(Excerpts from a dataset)
■ ■ ■ ■ ■ ■ ■
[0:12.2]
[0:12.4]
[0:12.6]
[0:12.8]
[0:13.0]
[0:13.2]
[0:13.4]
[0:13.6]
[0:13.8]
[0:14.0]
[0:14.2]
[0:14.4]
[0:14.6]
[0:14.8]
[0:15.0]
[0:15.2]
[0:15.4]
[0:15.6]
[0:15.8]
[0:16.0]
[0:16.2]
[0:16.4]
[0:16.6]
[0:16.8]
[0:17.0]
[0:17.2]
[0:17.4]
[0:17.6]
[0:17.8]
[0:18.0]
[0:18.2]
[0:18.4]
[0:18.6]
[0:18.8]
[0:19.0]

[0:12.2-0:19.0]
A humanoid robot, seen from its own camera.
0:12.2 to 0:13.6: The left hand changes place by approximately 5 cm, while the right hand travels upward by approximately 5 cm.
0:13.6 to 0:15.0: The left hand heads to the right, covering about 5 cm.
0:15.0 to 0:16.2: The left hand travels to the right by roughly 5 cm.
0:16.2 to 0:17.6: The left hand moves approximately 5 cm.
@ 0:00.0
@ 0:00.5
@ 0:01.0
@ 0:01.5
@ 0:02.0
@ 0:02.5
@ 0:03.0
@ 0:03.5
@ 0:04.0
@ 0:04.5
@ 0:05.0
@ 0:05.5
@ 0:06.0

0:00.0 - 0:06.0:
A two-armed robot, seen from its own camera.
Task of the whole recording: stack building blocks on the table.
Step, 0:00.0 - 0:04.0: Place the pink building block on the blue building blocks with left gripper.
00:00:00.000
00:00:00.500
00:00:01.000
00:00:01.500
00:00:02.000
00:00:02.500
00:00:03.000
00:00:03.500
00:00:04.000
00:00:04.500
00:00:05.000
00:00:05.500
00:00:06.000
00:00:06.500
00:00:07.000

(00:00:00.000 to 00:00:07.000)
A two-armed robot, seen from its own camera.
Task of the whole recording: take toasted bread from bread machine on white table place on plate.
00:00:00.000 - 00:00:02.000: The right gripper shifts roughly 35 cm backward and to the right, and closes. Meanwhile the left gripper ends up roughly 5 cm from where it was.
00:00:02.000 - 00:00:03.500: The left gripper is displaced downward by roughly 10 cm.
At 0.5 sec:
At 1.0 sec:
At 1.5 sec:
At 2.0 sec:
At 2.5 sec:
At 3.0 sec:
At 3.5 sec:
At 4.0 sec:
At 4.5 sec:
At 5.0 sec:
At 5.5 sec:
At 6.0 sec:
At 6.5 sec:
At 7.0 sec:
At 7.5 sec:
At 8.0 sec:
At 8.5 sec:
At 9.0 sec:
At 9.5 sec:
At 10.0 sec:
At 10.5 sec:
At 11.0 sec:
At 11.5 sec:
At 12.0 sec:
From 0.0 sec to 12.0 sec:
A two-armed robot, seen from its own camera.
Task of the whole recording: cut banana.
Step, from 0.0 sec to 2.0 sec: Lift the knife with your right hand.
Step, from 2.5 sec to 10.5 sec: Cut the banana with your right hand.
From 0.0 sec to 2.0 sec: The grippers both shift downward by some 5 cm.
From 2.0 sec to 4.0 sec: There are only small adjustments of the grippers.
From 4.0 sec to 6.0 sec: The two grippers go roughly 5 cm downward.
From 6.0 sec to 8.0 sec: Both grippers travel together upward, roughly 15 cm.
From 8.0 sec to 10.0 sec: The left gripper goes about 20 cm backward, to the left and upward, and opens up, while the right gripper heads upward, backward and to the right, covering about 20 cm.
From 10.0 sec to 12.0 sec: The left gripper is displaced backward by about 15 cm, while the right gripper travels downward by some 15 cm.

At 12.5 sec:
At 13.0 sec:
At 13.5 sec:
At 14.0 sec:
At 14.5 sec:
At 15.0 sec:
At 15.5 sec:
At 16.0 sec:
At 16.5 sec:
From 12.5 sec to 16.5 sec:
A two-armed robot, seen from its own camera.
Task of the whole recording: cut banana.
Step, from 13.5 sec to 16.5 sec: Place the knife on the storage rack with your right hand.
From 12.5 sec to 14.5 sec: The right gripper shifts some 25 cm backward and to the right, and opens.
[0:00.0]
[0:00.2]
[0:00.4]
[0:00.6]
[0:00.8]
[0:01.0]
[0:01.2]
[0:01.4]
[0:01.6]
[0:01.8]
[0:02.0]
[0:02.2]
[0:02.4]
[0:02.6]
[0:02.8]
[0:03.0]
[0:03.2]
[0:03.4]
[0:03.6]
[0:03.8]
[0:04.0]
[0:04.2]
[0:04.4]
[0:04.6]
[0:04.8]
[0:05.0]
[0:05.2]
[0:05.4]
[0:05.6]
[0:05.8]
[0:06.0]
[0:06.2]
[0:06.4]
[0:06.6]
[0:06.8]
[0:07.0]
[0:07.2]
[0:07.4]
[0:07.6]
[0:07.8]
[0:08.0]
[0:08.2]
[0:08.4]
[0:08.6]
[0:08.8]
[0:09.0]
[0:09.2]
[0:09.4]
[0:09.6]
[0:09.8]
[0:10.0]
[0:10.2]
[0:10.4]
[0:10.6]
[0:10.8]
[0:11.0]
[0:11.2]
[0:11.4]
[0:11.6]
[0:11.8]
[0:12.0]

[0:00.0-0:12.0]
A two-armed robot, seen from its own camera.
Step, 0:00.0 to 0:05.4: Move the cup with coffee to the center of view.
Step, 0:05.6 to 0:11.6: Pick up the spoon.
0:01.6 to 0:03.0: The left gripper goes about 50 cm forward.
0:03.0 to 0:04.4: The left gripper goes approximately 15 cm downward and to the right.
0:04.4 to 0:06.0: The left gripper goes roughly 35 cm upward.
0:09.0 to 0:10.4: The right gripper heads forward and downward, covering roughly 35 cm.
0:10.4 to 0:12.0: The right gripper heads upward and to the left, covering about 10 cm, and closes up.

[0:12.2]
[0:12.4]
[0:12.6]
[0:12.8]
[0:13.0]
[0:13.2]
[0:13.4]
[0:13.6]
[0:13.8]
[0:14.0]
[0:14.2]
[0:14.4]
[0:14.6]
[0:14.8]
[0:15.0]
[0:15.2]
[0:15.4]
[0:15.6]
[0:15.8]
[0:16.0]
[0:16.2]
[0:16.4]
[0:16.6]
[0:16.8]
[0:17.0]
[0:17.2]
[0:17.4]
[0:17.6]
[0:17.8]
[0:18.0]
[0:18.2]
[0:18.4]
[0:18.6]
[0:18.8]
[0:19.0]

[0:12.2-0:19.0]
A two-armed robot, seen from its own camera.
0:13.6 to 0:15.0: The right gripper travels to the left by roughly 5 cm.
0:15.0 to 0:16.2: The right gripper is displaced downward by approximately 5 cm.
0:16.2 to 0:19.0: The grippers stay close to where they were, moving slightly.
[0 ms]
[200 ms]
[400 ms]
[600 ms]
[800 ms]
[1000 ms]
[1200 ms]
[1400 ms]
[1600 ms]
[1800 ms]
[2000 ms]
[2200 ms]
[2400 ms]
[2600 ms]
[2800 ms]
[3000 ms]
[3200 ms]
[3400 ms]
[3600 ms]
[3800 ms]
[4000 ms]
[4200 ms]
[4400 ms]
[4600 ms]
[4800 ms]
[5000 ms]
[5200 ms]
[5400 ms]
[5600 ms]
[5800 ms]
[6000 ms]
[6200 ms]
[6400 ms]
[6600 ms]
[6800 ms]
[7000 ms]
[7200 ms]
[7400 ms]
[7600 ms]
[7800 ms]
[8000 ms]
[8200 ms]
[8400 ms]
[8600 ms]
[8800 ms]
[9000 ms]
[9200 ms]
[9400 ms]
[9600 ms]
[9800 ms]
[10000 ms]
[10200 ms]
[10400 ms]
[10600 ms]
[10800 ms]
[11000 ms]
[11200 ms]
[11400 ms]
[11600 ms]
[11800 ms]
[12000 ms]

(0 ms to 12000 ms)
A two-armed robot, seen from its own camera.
■ ■ ■ ■ ■ ■ ■
WHAT IS NEEDED
From the first line above through the line that contains "00:00:04.500", quote each line exactly. Output nothing more.

YOUR RESPONSE
[0:12.2]
[0:12.4]
[0:12.6]
[0:12.8]
[0:13.0]
[0:13.2]
[0:13.4]
[0:13.6]
[0:13.8]
[0:14.0]
[0:14.2]
[0:14.4]
[0:14.6]
[0:14.8]
[0:15.0]
[0:15.2]
[0:15.4]
[0:15.6]
[0:15.8]
[0:16.0]
[0:16.2]
[0:16.4]
[0:16.6]
[0:16.8]
[0:17.0]
[0:17.2]
[0:17.4]
[0:17.6]
[0:17.8]
[0:18.0]
[0:18.2]
[0:18.4]
[0:18.6]
[0:18.8]
[0:19.0]

[0:12.2-0:19.0]
A humanoid robot, seen from its own camera.
0:12.2 to 0:13.6: The left hand changes place by approximately 5 cm, while the right hand travels upward by approximately 5 cm.
0:13.6 to 0:15.0: The left hand heads to the right, covering about 5 cm.
0:15.0 to 0:16.2: The left hand travels to the right by roughly 5 cm.
0:16.2 to 0:17.6: The left hand moves approximately 5 cm.
@ 0:00.0
@ 0:00.5
@ 0:01.0
@ 0:01.5
@ 0:02.0
@ 0:02.5
@ 0:03.0
@ 0:03.5
@ 0:04.0
@ 0:04.5
@ 0:05.0
@ 0:05.5
@ 0:06.0

0:00.0 - 0:06.0:
A two-armed robot, seen from its own camera.
Task of the whole recording: stack building blocks on the table.
Step, 0:00.0 - 0:04.0: Place the pink building block on the blue building blocks with left gripper.
00:00:00.000
00:00:00.500
00:00:01.000
00:00:01.500
00:00:02.000
00:00:02.500
00:00:03.000
00:00:03.500
00:00:04.000
00:00:04.500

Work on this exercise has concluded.